Records from a dataset:
※ ※ ※

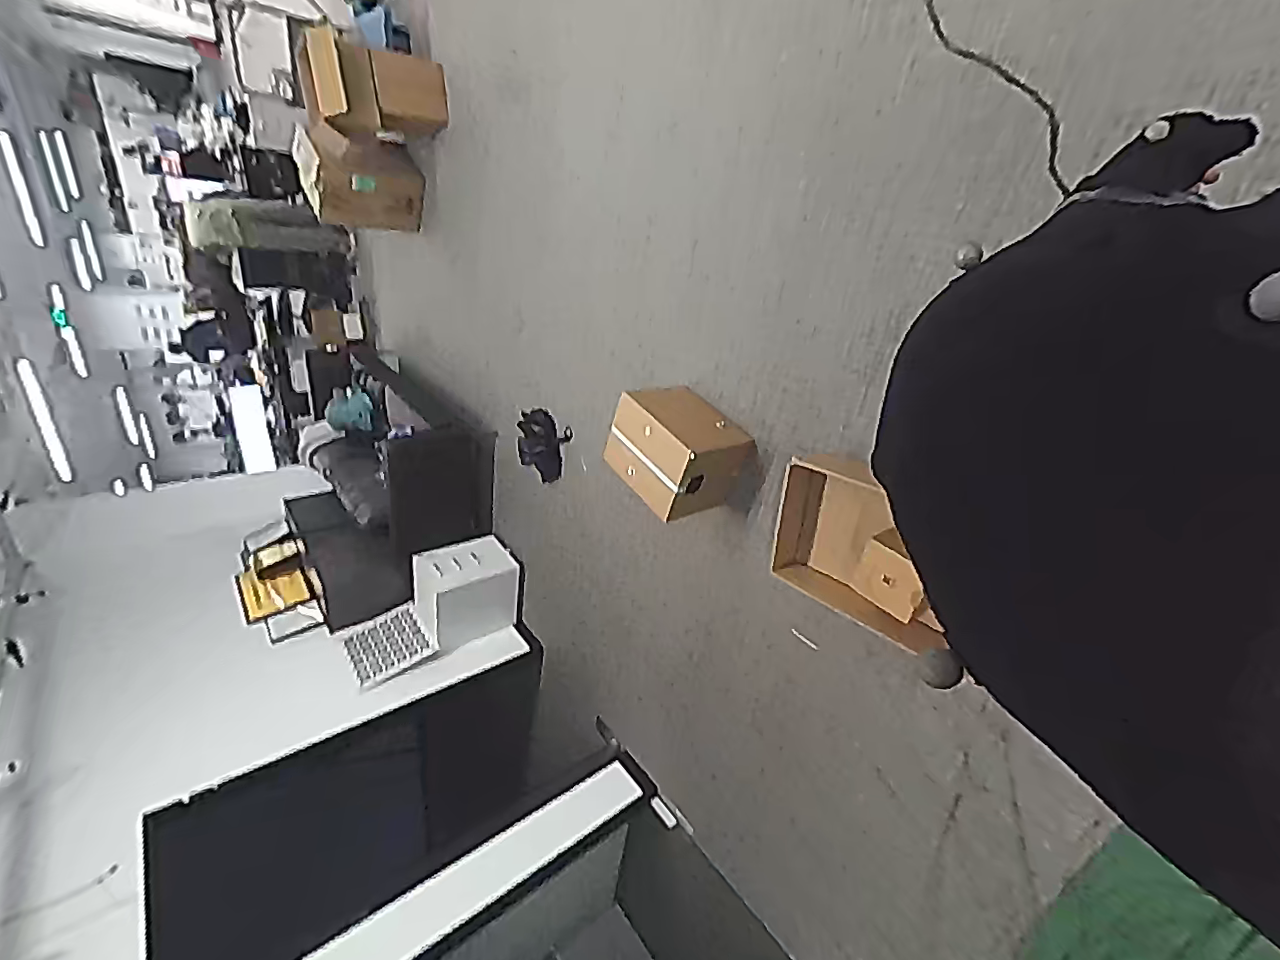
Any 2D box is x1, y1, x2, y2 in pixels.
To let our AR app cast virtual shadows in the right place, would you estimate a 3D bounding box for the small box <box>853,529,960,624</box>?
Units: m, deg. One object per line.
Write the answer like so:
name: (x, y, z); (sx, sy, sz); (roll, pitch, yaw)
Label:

※ ※ ※

§ REQUIRED WORK:
Omitting the pictures, copy each record above exactly as it stands.

§ EXPECTED OUTPUT:
Any 2D box is x1, y1, x2, y2 in pixels.
To let our AR app cast virtual shadows in the right place, would you estimate a 3D bounding box for the small box <box>853,529,960,624</box>?
Units: m, deg. One object per line.
Write the answer like so:
name: (x, y, z); (sx, sy, sz); (roll, pitch, yaw)
Label:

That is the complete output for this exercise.